Half-term report card
The military has started 2017 with a fresh slate on several fronts. The Army and the Air Force both have new Chiefs, an opportunity for fresh ideas and approaches. There is hope that the military could soon get its first Tri-service commander, creating badly needed synergy between the Army, Navy and Air Force. Across the border, Pakistan too has a new Army Chief, who seems less inclined to grandstand, and appears to understand that tensions with India distract his military from more urgent priorities. Looking further out, as a new US President, Donald Trump, outlines his policies towards Russia and China, New Delhi will have to tack to new headwinds from that Great Power triangle.
The BJP manifesto had promised specific measures to strengthen external defence. The important ones included: (a) Reforming defence equipment procurement, support services and organisational functioning; (b) Modernising the armed forces by fast-tracking defence procurement; and increasing research and development spending to develop indigenous technologies; ( c) Addressing manpower shortages ( which actually exist only at the officer level), including by making Short Service Commission more attractive; (d) Ensuring the military plays a larger role in defence ministry decision making; (e) Dealing firmly with cross-border terrorism, including by improved border management; (f) Improving military justice, by reforming Armed Forces Tribunals (AFTs) and minimising government appeals against adverse court verdicts.
The long-delayed Defence Procurement Policy of 2016 (DPP-2016) has some innovation, such as the preferential procurement category of ‘Indian Designed, Developed and Manufactured’, which would distinguish truly ‘Made in India’ equipment from kit that actually has a foreign address to its intellectual property. Yet, DPP-2016 is by no means the crisp, result- oriented handbook that Parrikar wanted to liberate procurement from cumbersome, dead-end procedure. Instead DPP-2016, like its predecessors from 2005, 2006, 2008, 2009, 2011 and 2013, remains a weightlifter’s tool and a bureaucrat’s delight, filled with opportunities for delaying the acquisition of vitally needed equipment.

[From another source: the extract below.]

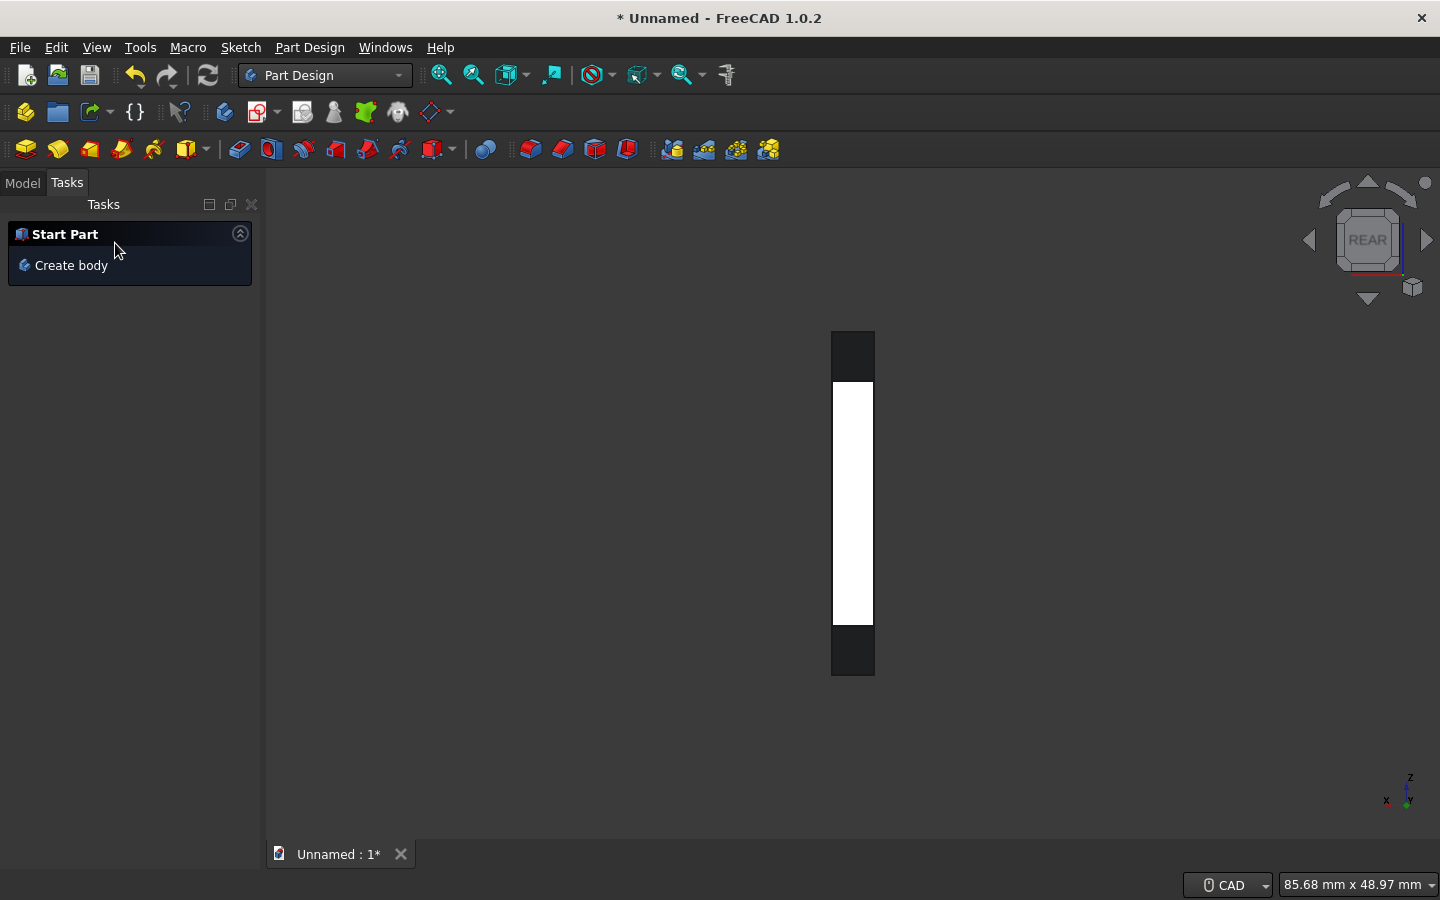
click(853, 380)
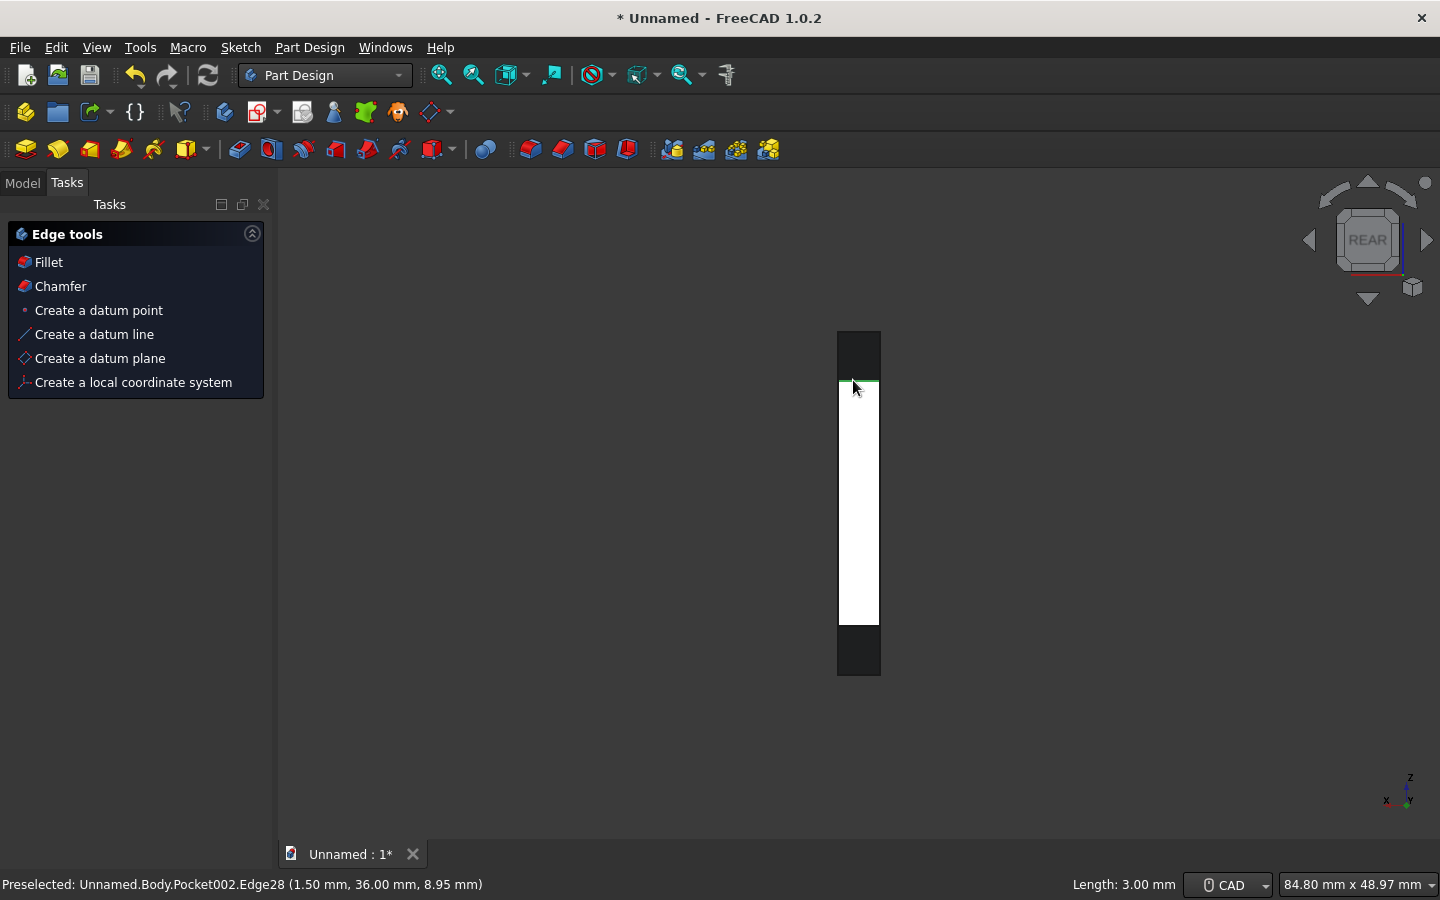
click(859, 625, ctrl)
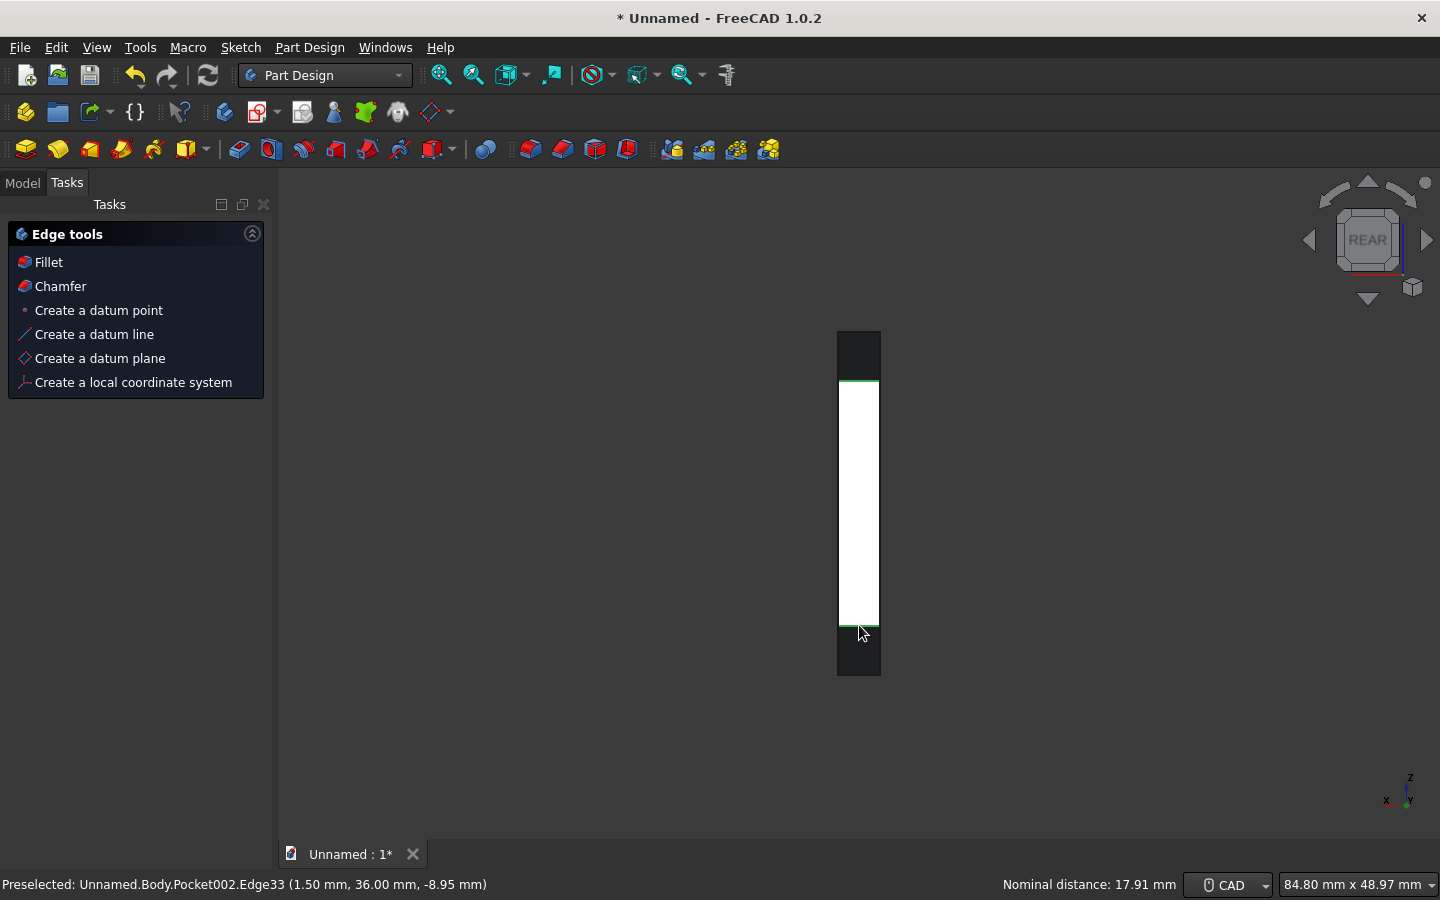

Instead of ramming through change like the go-getter he is, Parrikar has tied his own hands by placing reform at the mercy of numerous committees. First, the Dhirendra Singh Committee, headed by a former government secretary, produced a 264-page report on defence procurement reform, including Mr Modi’s slogan-of-the-moment, ‘Make in India’. Then, to implement the Committee’s central recommendation on nominating private sector ‘Strategic Partners’ (SPs), who would be the automatic, go-to manufacturers in their various fields (aircraft, helicopters, warships, armoured vehicles, etc), the VK Aatre Task Force was set up. To this day, not a single SP has been created, even as foreign aerospace vendors like Boeing and Saab wait bewildered, wondering when they will know which Indian company would be nominated as SP for manufacturing aircraft in India. Instead, every project goes through a complex tendering process that inevitably means indefinite delay.